YOUR INSTRUCTIONS:
Would you please reproduce all the entries word for word, minus the pictures?

INPUT FOR THIS TASK:
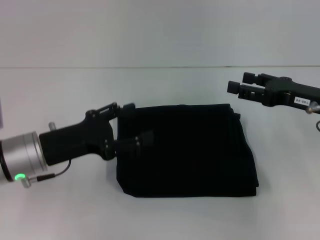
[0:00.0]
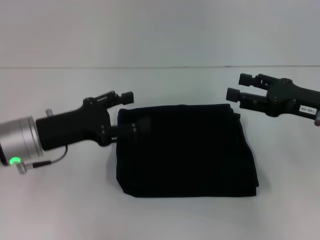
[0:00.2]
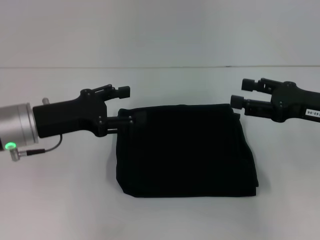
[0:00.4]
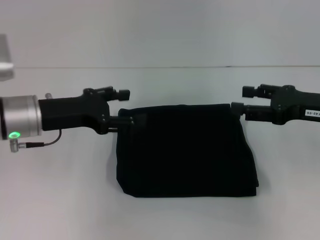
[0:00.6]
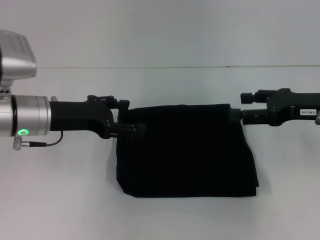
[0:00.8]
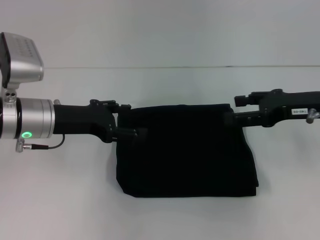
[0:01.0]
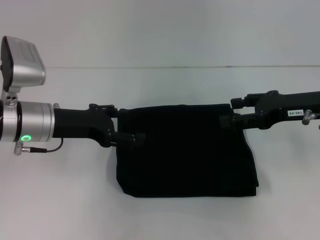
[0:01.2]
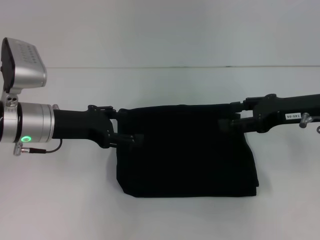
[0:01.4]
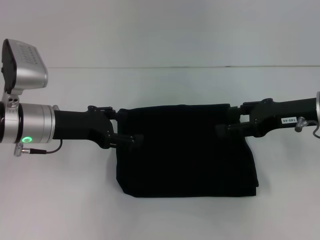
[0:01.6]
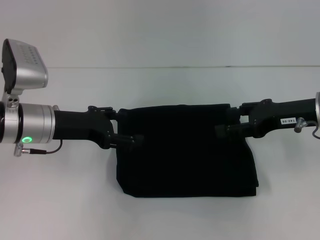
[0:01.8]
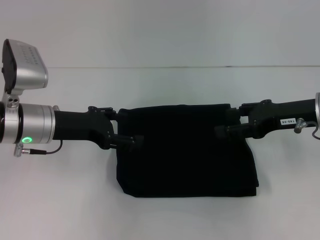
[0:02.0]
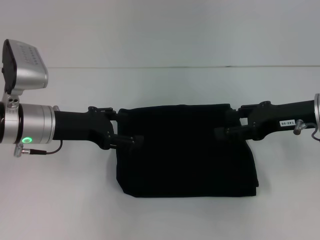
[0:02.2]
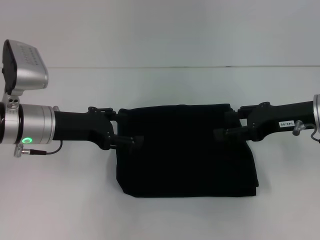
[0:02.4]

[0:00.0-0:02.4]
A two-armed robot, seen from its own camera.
0:00.0 to 0:01.2: The left gripper goes approximately 5 cm forward.
0:01.2 to 0:02.4: There are only small adjustments of the grippers.

RESPONSE FOR THIS EXERCISE:
[0:00.0]
[0:00.2]
[0:00.4]
[0:00.6]
[0:00.8]
[0:01.0]
[0:01.2]
[0:01.4]
[0:01.6]
[0:01.8]
[0:02.0]
[0:02.2]
[0:02.4]

[0:00.0-0:02.4]
A two-armed robot, seen from its own camera.
0:00.0 to 0:01.2: The left gripper goes approximately 5 cm forward.
0:01.2 to 0:02.4: There are only small adjustments of the grippers.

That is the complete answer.